This work addresses the instability in coverage and computational inefficiency of existing distributional conformal prediction methods when handling skewed distributions. We propose Conformal Interquantile Regression (CIR) and its enhanced variant CIR+, which leverage black-box models to estimate quantile intervals and incorporate an interquartile-range-based interval selection mechanism to efficiently construct compact prediction intervals with approximate conditional coverage guarantees. CIR+ further introduces a width selection rule that substantially narrows interval width while preserving coverage.
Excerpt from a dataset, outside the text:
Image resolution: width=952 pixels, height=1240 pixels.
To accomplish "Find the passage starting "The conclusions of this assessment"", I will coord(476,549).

By integrating quantile regression, conformal prediction, and conditional coverage theory—while avoiding conventional histogram construction—our approach achieves an optimal balance between accuracy and efficiency on both synthetic and real-world datasets, outperforming current state-of-the-art methods.
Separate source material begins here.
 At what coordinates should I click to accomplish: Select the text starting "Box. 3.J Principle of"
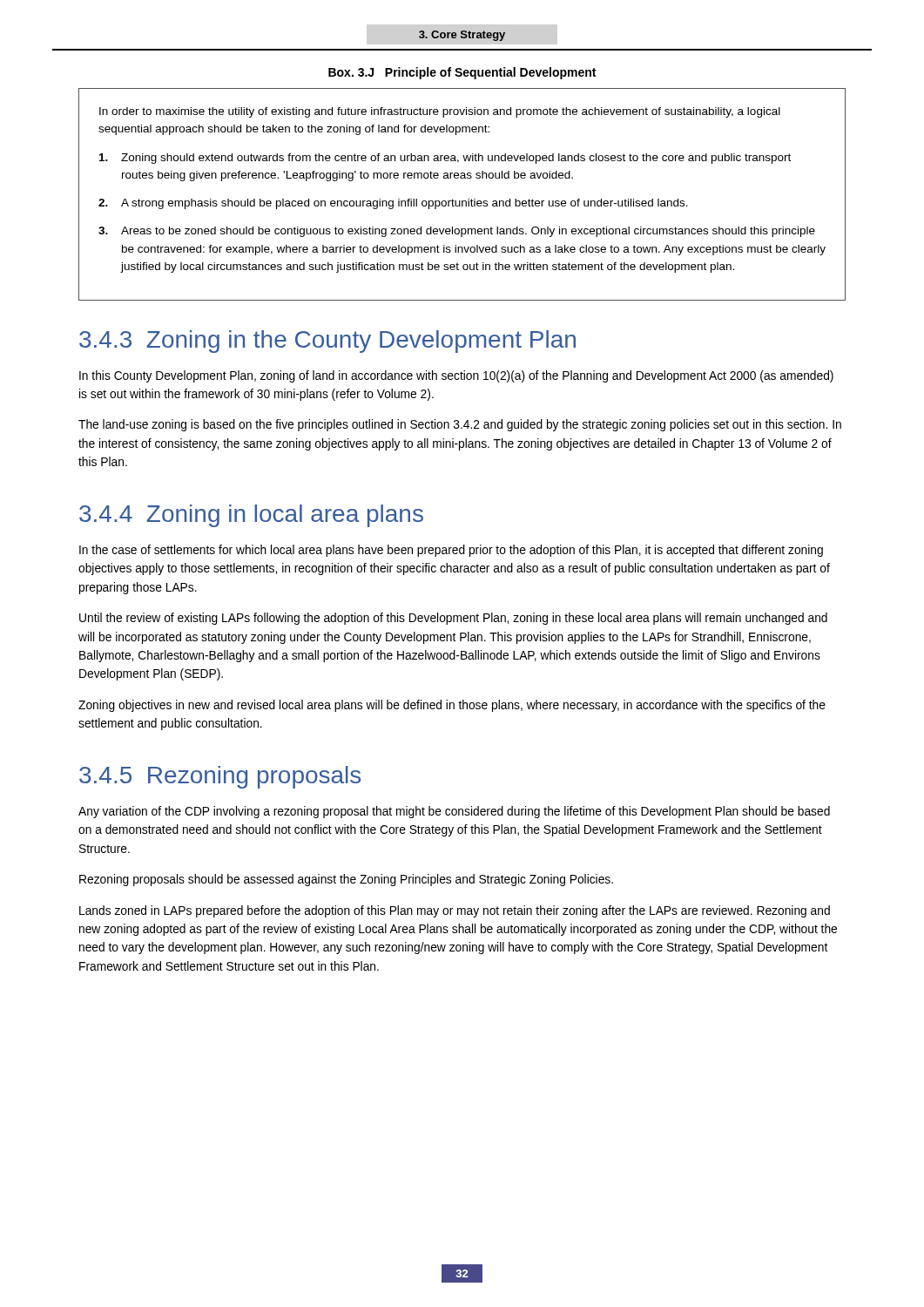coord(462,72)

We introduce Conformal Interquantile Regression (CIR), a conformal regression method that efficiently constructs near-minimal prediction intervals with guaranteed coverage. CIR leverages black-box machine learning models to estimate outcome distributions through interquantile ranges, transforming these estimates into compact prediction intervals while achieving approximate conditional coverage. We further propose CIR+ (Conditional Interquantile Regression with More Comparison), which enhances CIR by incorporating a width-based selection rule for interquantile intervals. This refinement yields narrower prediction intervals while maintaining comparable coverage, though at the cost of slightly increased computational time. Both methods address key limitations of existing distributional conformal prediction approaches: they handle skewed distributions more effectively than Conformalized Quantile Regression, and they achieve substantially higher computational efficiency than Conformal Histogram Regression by eliminating the need for histogram construction. Extensive experiments on synthetic and real-world datasets demonstrate that our methods optimally balance predictive accuracy and computational efficiency compared to existing approaches.